Within the records below, reproduce without change the lines from the line that has "2) van (0,474,554,899)" through the line that has "drill: (0.710, 0.079, 1.830);", and only those.

___ DATA TO EXAMINE

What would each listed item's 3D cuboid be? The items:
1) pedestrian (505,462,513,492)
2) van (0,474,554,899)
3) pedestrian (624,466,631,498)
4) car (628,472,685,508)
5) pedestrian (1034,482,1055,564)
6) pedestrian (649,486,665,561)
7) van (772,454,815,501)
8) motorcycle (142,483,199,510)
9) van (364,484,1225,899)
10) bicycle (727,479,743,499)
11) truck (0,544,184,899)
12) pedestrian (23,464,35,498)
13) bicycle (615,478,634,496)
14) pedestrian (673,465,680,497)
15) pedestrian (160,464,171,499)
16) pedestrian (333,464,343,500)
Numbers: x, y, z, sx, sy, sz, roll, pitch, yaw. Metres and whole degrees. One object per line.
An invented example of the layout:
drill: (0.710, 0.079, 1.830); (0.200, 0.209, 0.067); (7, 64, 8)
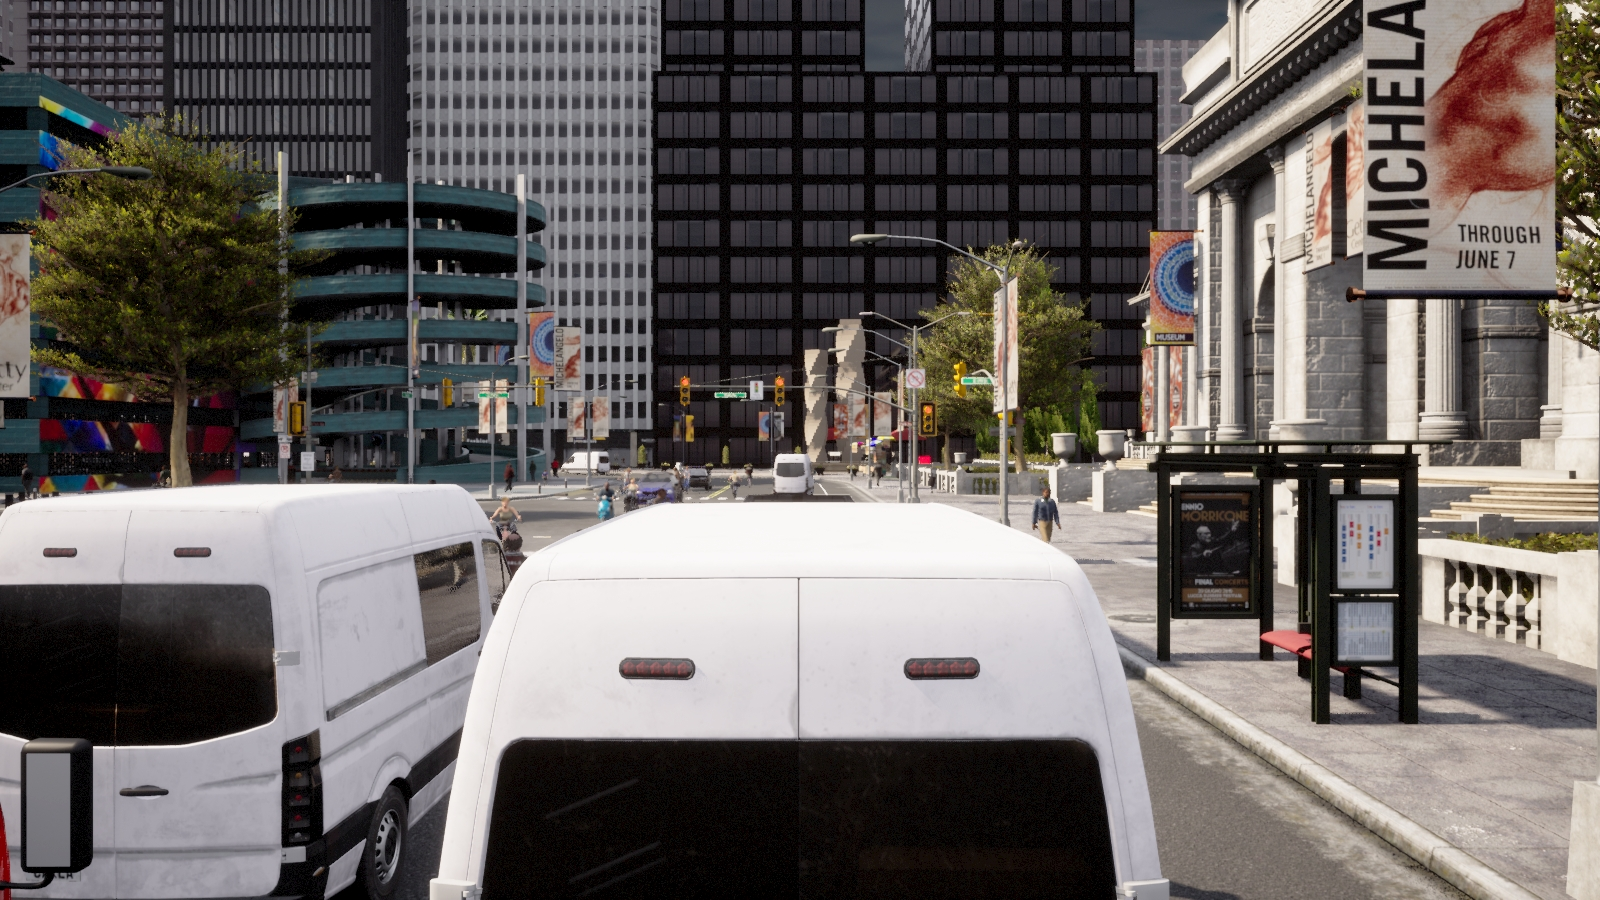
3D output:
pedestrian: (-17.913, 1.670, 70.334); (0.375, 1.860, 0.375); (0, 0, 20)
van: (-3.517, 1.531, 8.781); (1.988, 2.561, 5.915); (0, 0, 0)
pedestrian: (-9.876, 1.824, 65.406); (0.375, 1.860, 0.375); (0, 0, 0)
car: (-7.058, 1.948, 56.507); (2.242, 1.667, 4.611); (0, 0, 0)
pedestrian: (5.662, 1.686, 26.452); (0.375, 1.860, 0.375); (0, 0, -6)
pedestrian: (-3.578, 1.838, 28.638); (0.375, 1.860, 0.375); (0, 0, -1)
van: (-0.333, 1.510, 65.217); (1.988, 2.561, 5.915); (0, 0, 4)
motorcycle: (-29.687, 2.184, 53.877); (2.209, 1.251, 0.867); (0, 0, -1)
van: (-0.014, 1.532, 5.596); (1.988, 2.561, 5.915); (0, 0, 0)
bicycle: (-3.724, 2.232, 65.679); (0.859, 1.080, 1.487); (0, -1, 1)
truck: (-3.506, 1.567, 1.456); (2.627, 2.467, 5.204); (0, 0, 0)
pedestrian: (-42.089, 1.673, 62.360); (0.375, 1.860, 0.375); (0, 0, 6)
bicycle: (-10.634, 2.230, 69.337); (0.859, 1.080, 1.487); (0, 0, 2)
pedestrian: (-7.203, 1.824, 66.787); (0.375, 1.860, 0.375); (0, 0, -10)
pedestrian: (-34.123, 1.673, 61.476); (0.375, 1.860, 0.375); (0, 0, 10)
pedestrian: (-24.168, 1.674, 59.778); (0.375, 1.860, 0.375); (0, 0, 32)

______

## ANSWER SPACE
2) van (0,474,554,899)
3) pedestrian (624,466,631,498)
4) car (628,472,685,508)
5) pedestrian (1034,482,1055,564)
6) pedestrian (649,486,665,561)
7) van (772,454,815,501)
8) motorcycle (142,483,199,510)
9) van (364,484,1225,899)
10) bicycle (727,479,743,499)
11) truck (0,544,184,899)
12) pedestrian (23,464,35,498)
13) bicycle (615,478,634,496)
14) pedestrian (673,465,680,497)
15) pedestrian (160,464,171,499)
16) pedestrian (333,464,343,500)
Numbers: x, y, z, sx, sy, sz, roll, pitch, yaw. Metres and whole degrees. One object per line.
An invented example of the layout:
drill: (0.710, 0.079, 1.830); (0.200, 0.209, 0.067); (7, 64, 8)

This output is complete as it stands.